A practical, albeit often tedious approach to better understanding Google’s innovations is to look at public Google patents. For those who have delved into such a patent, the reading is usually not very entertaining and more heavy than light reading. Fortunately, there are experts who thoroughly examine patents. One such expert is Bill Slawski. In a 2020 article, he presented a Google patent that describes how Google uses vector space analyses to determine a source’s expertise and authority.

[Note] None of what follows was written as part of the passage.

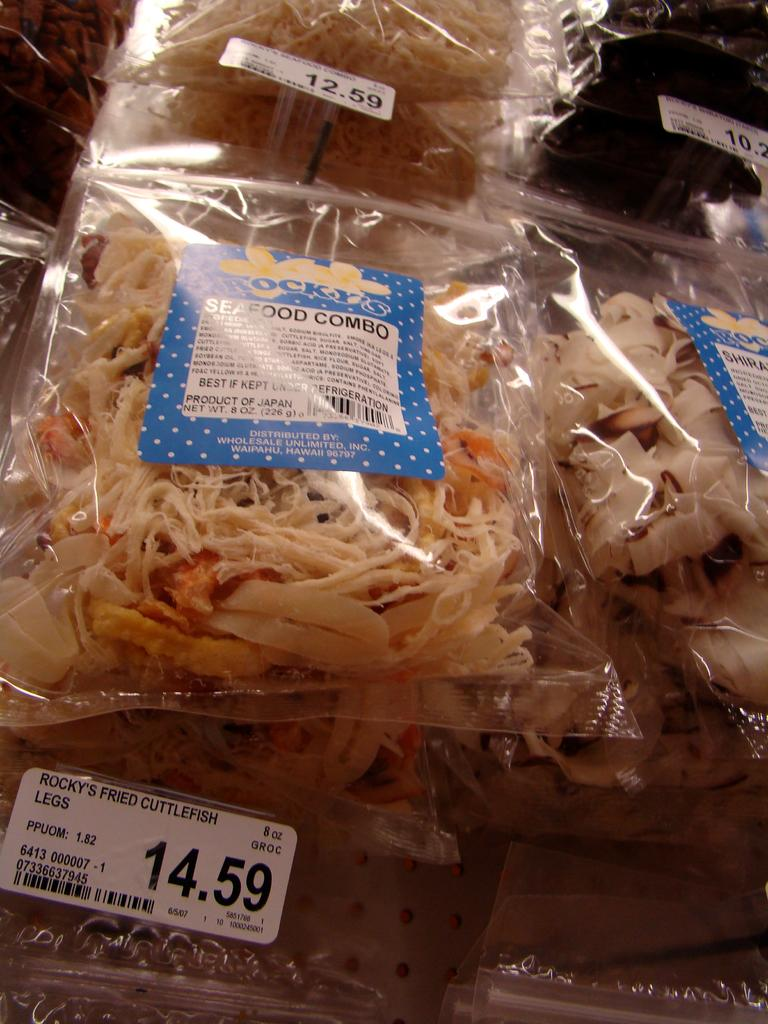What type of objects can be seen in the image? There are food items in the image. How are the food items packaged? The food items are packed in covers. Are there any additional elements on the food item covers? Yes, there are stickers on the food item covers. What type of fruit can be seen emitting smoke in the image? There is no fruit or smoke present in the image. How many spiders are crawling on the food items in the image? There are no spiders present in the image.

According to this patent, Google uses patterns and characteristics to classify websites. Websites and website content are classified as experts, apprentices, or laypeople on specific topics. Depending on the provided information, this status is either appropriate or inappropriate. For example, if relatives discuss in a forum how family members cope with an addiction, these individuals are experts based on their own experience for this information. However, they are not medical experts. The evaluation of their statements and, therefore, this forum by Google would be different if these laypeople discussed the neurophysiological and biochemical processes in addicts.

The vector space analysis enables Google to consider only specific websites that reach a certain classification for particular search phrases. When a search query is made, not the entire index is searched but only a part considered relevant for this type of search phrase. This kind of reduction represents a significant resource saving for Google and makes it clear how important it is to be classified correctly by Google to be considered for a search query.

Conclusion: EEAT is Much More Than Just a Ranking Factor

In conclusion, EEAT is more critical for you, the more critical the information on your website is for your readers. First, ask yourself: am I qualified to write about XY? And if so, how do I make it clear that I am the right person for the job? You have received some tips in this article on what you can do in the area of off-page and on-page SEO to highlight your expertise. However, you have also seen that EEAT is a comprehensive concept. “Fake it till you make it” is not the right approach here. The overall quality of your website and content will determine whether Google trusts you. And last but not least: whether your readers trust you. Because at the end of the day, that’s the most important thing.